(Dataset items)
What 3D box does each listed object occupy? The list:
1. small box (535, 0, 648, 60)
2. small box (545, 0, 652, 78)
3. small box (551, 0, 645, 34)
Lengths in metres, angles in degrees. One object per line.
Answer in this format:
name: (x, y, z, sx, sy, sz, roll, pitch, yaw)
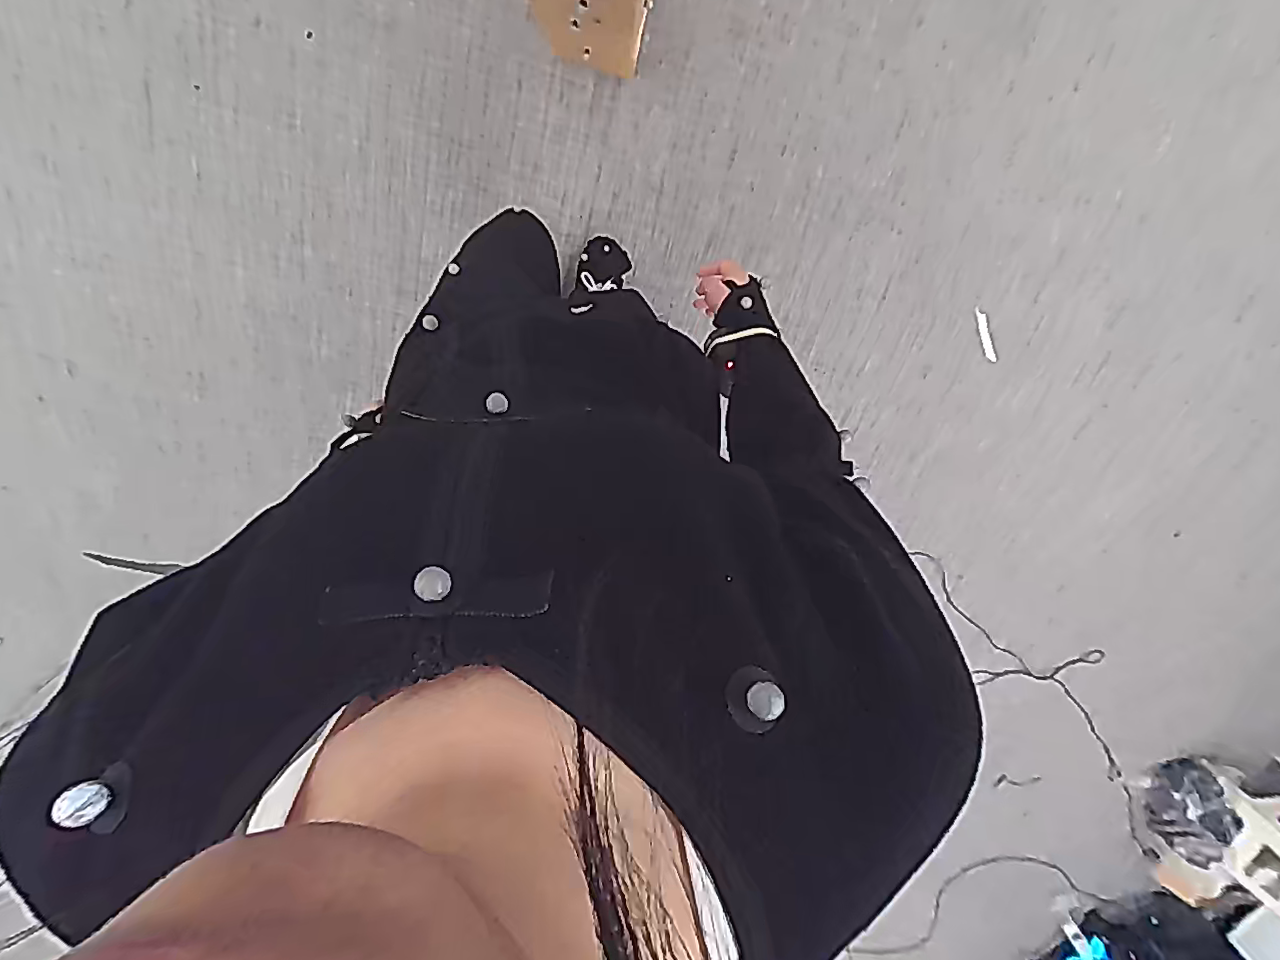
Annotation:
small box: (-0.074, -0.839, 0.898, 0.179, 0.176, 0.168, 16, 115, -10)
small box: (-0.073, -0.911, 1.046, 0.179, 0.176, 0.168, 13, 114, -9)
small box: (-0.057, -0.769, 0.751, 0.168, 0.176, 0.179, 15, 115, -10)
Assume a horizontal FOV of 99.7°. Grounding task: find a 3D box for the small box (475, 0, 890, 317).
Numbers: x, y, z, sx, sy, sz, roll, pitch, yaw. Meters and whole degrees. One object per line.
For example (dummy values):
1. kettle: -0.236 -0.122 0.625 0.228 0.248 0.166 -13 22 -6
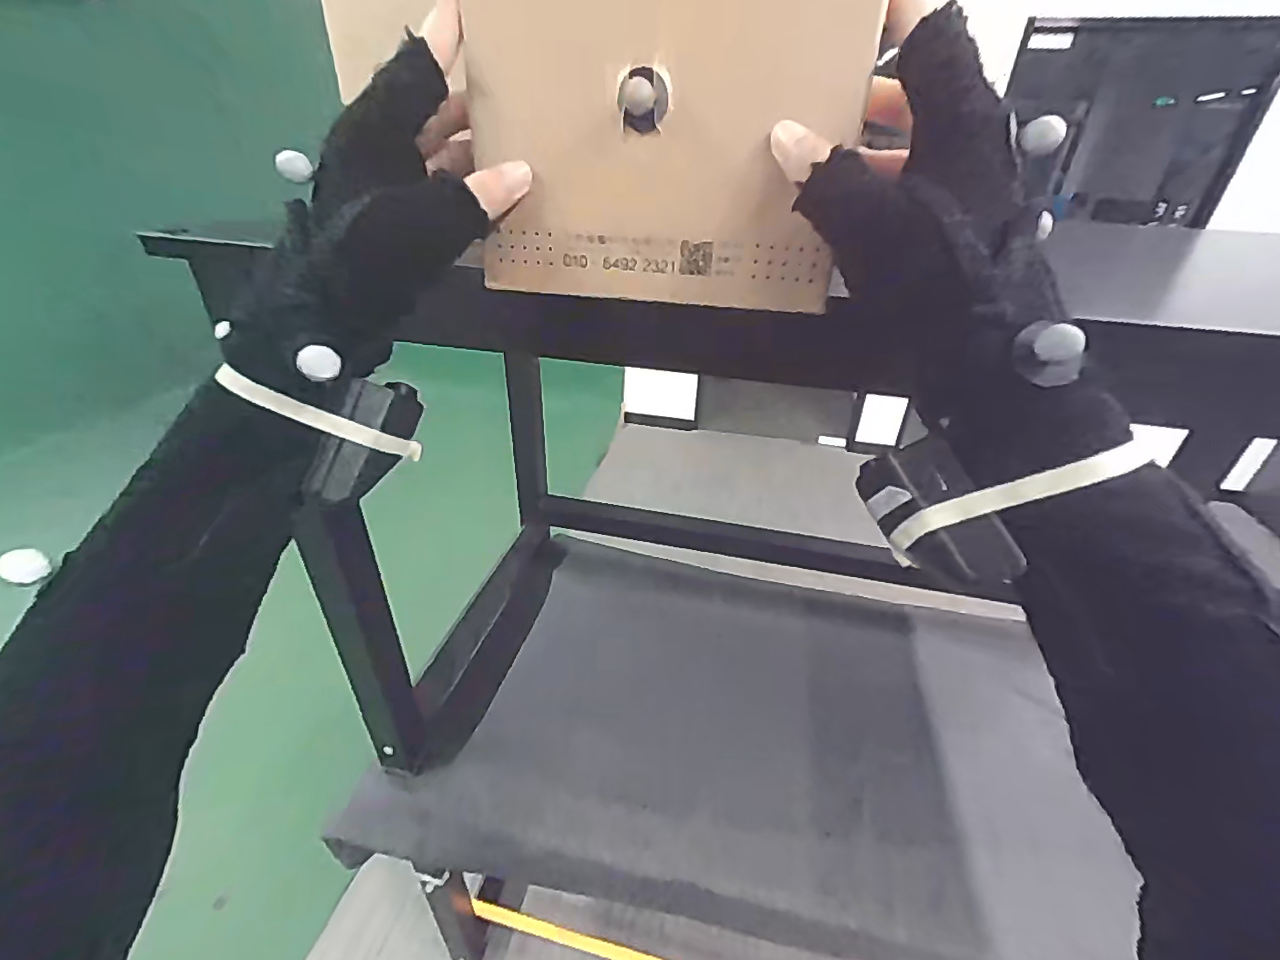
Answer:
1. small box: 0.026 -0.192 0.290 0.168 0.176 0.179 8 29 7
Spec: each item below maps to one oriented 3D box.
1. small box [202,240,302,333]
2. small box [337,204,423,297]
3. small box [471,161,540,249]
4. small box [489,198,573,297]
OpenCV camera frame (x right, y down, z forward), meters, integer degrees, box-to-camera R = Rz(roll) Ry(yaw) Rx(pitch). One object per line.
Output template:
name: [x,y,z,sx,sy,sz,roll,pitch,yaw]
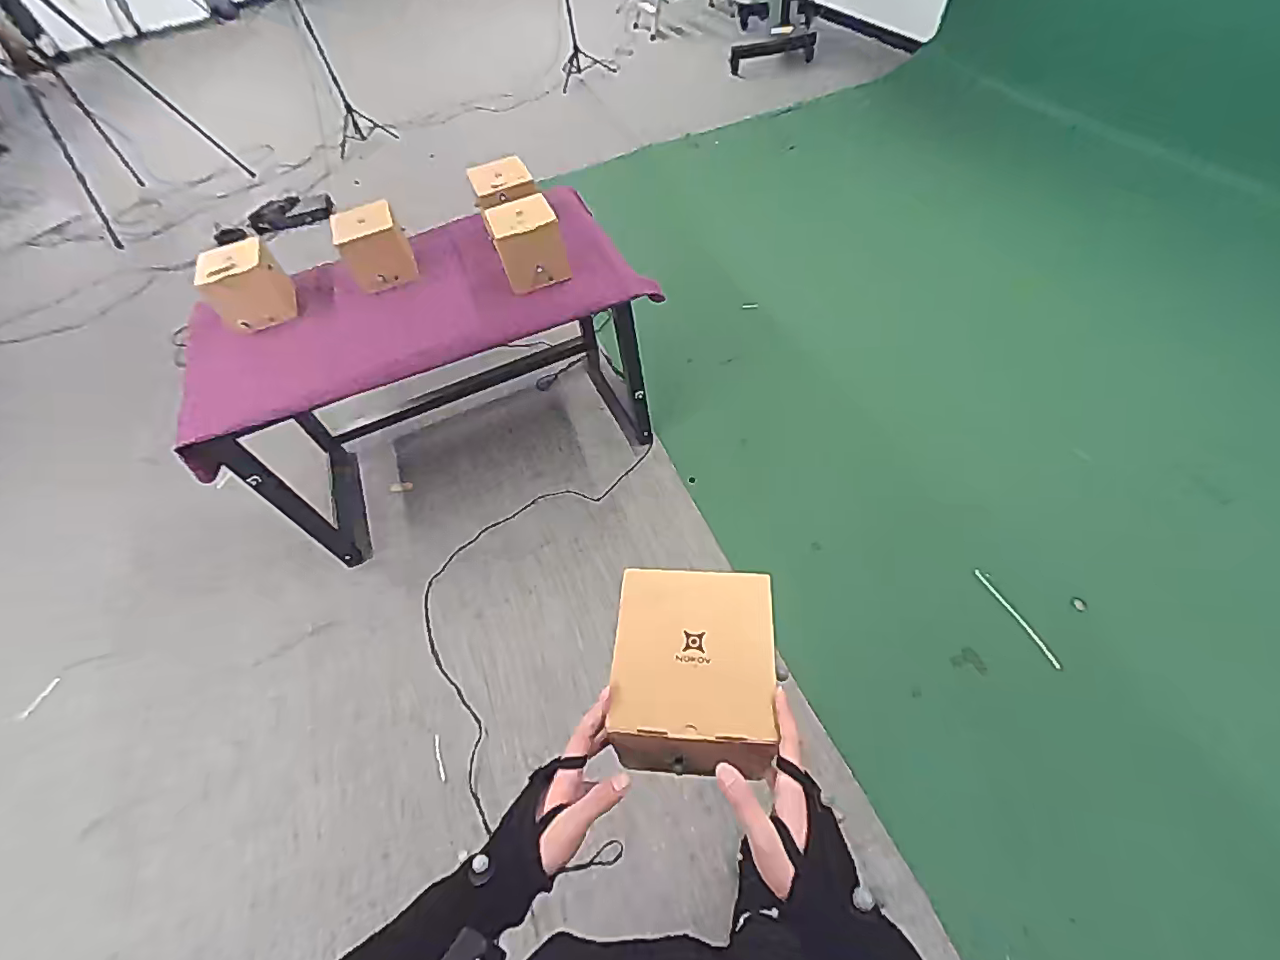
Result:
small box: [-1.086,-0.537,1.527,0.168,0.176,0.179,-22,54,-9]
small box: [-0.755,-0.666,1.575,0.168,0.176,0.179,-22,55,-7]
small box: [-0.390,-0.825,1.634,0.168,0.176,0.179,-23,55,-7]
small box: [-0.296,-0.635,1.480,0.168,0.176,0.179,-21,53,-6]
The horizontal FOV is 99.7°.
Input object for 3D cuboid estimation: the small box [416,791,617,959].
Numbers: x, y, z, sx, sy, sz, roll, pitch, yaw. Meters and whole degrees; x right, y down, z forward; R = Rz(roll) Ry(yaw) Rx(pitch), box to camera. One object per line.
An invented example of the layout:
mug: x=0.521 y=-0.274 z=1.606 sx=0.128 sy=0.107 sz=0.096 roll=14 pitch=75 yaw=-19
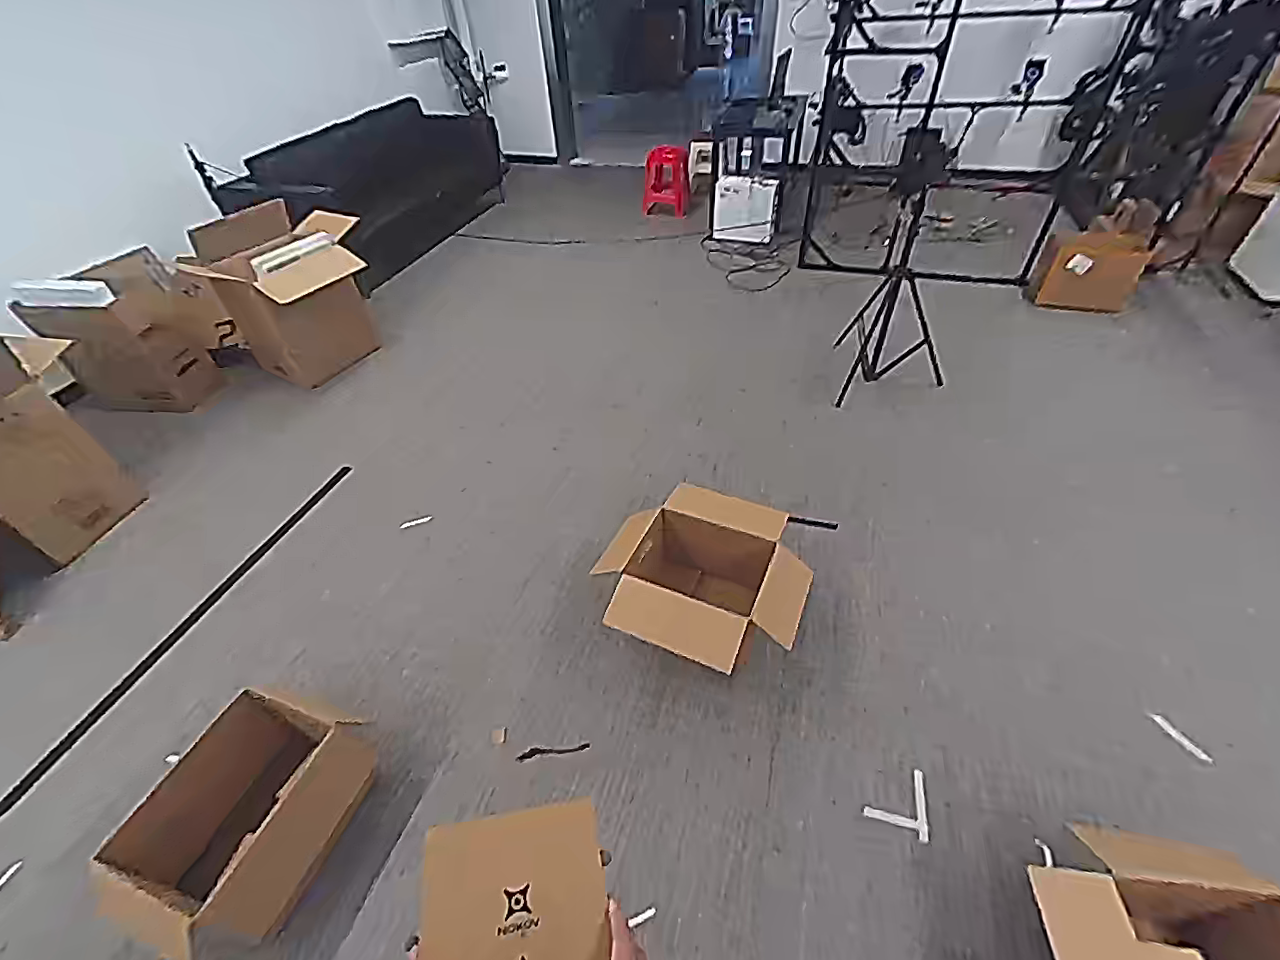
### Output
small box: x=-0.122 y=0.445 z=0.525 sx=0.168 sy=0.176 sz=0.179 roll=-2 pitch=35 yaw=-16
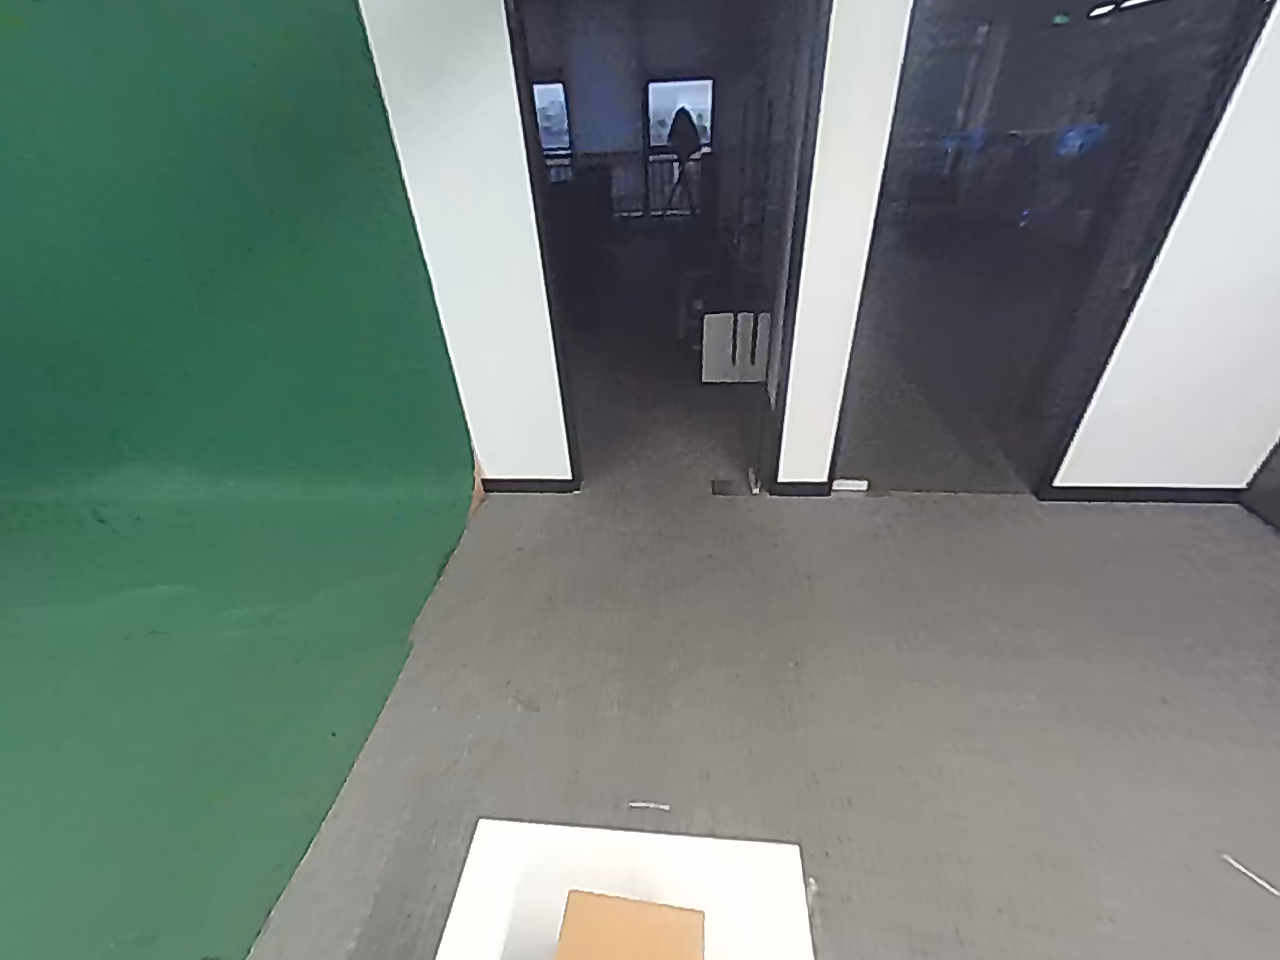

• Exercise:
Repeat the lines above exactly, beginning with the one containing "2. small box [337,204,423,297]" and finishing with the one containing "The horizontal FOV is 99.7°.". No pictures belong in the copy.

• Written reply:
2. small box [337,204,423,297]
3. small box [471,161,540,249]
4. small box [489,198,573,297]
OpenCV camera frame (x right, y down, z forward), meters, integer degrees, box-to-camera R = Rz(roll) Ry(yaw) Rx(pitch). One object per line.
Output template:
name: [x,y,z,sx,sy,sz,roll,pitch,yaw]
Result:
small box: [-1.086,-0.537,1.527,0.168,0.176,0.179,-22,54,-9]
small box: [-0.755,-0.666,1.575,0.168,0.176,0.179,-22,55,-7]
small box: [-0.390,-0.825,1.634,0.168,0.176,0.179,-23,55,-7]
small box: [-0.296,-0.635,1.480,0.168,0.176,0.179,-21,53,-6]
The horizontal FOV is 99.7°.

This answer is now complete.